OK- I think 2 things are going on- given the generally correct results.
1. Day/week/month are not localized- so regardless of issue #2, what is pulled back won’t vary based on the user’s localization settings. It’s going to work based on the ‘date’ in the database.
2. The entry date is offset based on the server timezone. So the date in the database is not always (depending on server tz) going to be gmt ‘now’ (see set_localized_offset())- it’s then adjusted based on that same offset when it’s pulled out for use. Thus it displays correctly. Which it sounds like it’s doing. (Note that in 2.0 those dates are adjusted to a true gmt- at which point they’d give you the results you expect.)
So it sounds like it’s working as expected- the biggest issue being that the d/m/w isn’t localized- including the reversal of that server tz adjustment.
I’m wondering if we might work around it w/some creative use of the start_on parameter. I wouldn’t recommend trying to alter the way dates are handled- particularly given 2.0 alters that and expects them to be in there adjusted for server tz. But start_on could give a finer grained control and might do the trick.
Generally correct? Are you serious? I just outlined several things that no one would ever consider to be correct. Let’s go through this one by one.

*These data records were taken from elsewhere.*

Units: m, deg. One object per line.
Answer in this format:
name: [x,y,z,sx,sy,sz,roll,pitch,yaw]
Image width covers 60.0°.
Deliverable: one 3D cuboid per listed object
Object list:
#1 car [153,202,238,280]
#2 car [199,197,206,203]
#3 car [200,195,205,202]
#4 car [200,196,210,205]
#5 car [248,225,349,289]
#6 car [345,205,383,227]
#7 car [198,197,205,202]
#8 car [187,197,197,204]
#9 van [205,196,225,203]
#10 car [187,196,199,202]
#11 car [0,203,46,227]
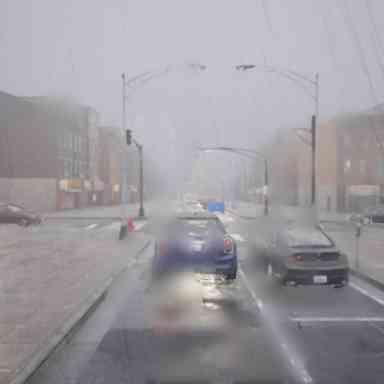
car: [0.064,1.359,10.097,2.097,1.767,4.553,0,0,-1]
car: [2.611,2.035,83.570,1.802,1.307,4.206,-2,-1,0]
car: [2.612,1.457,46.542,2.192,1.841,5.009,-1,0,0]
car: [2.611,1.739,67.702,1.967,1.590,4.097,-1,-1,0]
car: [2.625,1.556,9.001,2.008,1.369,4.403,-1,0,0]
car: [13.672,1.689,23.956,4.902,1.511,2.128,1,1,0]
car: [2.608,2.119,94.152,1.887,1.381,4.507,-2,-1,0]
car: [-0.007,1.909,76.805,2.128,1.511,4.902,0,-1,0]
van: [2.615,1.427,35.960,1.690,1.788,3.998,-1,0,0]
car: [-0.004,1.892,66.839,1.895,1.301,4.718,0,0,0]
car: [-11.720,1.430,21.052,4.674,1.442,1.812,1,1,2]
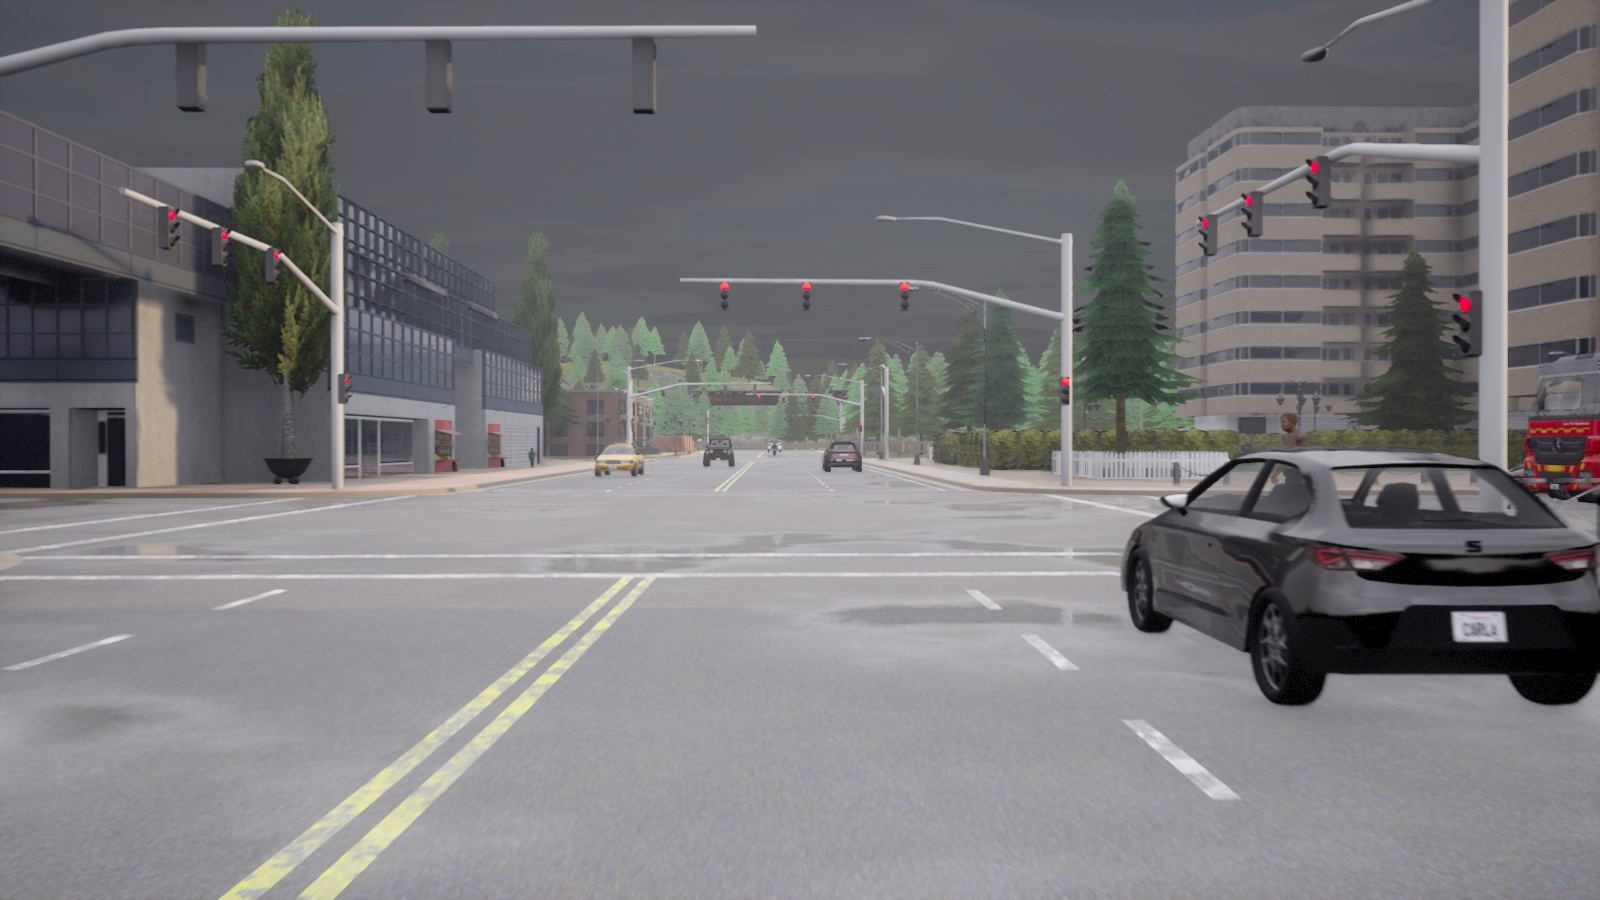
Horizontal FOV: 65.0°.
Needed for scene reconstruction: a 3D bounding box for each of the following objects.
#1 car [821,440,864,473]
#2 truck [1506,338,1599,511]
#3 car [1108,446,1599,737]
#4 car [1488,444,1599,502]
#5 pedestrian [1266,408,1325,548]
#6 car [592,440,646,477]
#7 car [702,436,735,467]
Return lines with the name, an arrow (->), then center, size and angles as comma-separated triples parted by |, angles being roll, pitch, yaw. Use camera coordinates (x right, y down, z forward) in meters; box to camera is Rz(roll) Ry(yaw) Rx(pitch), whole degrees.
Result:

1. “Day/week/month are not localized.” That’s fine I suppose. It appears some sorting code is based off of this like the problem I’m experiencing: display_by=“day” limit=“2”. When the day is wrong. Grossly wrong. It affects the display.
2. This is just wrong. My server time is set correctly. GMT -6 CST (Texas). The entry in the database gets WRONGLY CONVERTED to GMT +6 Bangladesh. There is nothing you can say to tell me that timestamp is correct in any way shape or form. Bangladesh? Seriously? Just because EE is capable of undoing this error when making the time human readable - it doesn’t make it “generally correct”. This error exacerbates #1 and makes rountine parameters like “display_by=“day” almost unusable.
I imported 21,000 items over 8 years and was forced to give them a Bangladesh timestamp in order to make them display correctly in certain situations (some situations they won’t). What happens in EE 2.0?
You stated this behavior is correct, yet the team saw fit to change the correct behavior to a “more correct behavior” and make them GMT 0.
I just checked my test installation of 2.0. The timestamp on a new post is exactly right - GMT 0 as expected (not GMT Bangladesh). The “day” field says today - as desired (note that it IS localized. Otherwise it would have put the 8th down)!
I run a daily news site. “Daily” matters to me… not “sorta daily give or take 12 hours”.
3. While there may be a work around by using different parameters - I hope you see that one shouldn’t need more fine grain control over “daily”. “Start on” doesn’t work for me because I want that page to display the last two days that have news entries - not the last 48 hours. display_by=“day” limit=“2” is supposed to do that. But it doesn’t.
So, I guess the questions are:
1. Will there be an update script available that will correct the inherent 1.6.8 timestamp mess as people move to 2.0?
or
2. Will all our old posts be read as being posted a server offset time prior to their original posting date and time?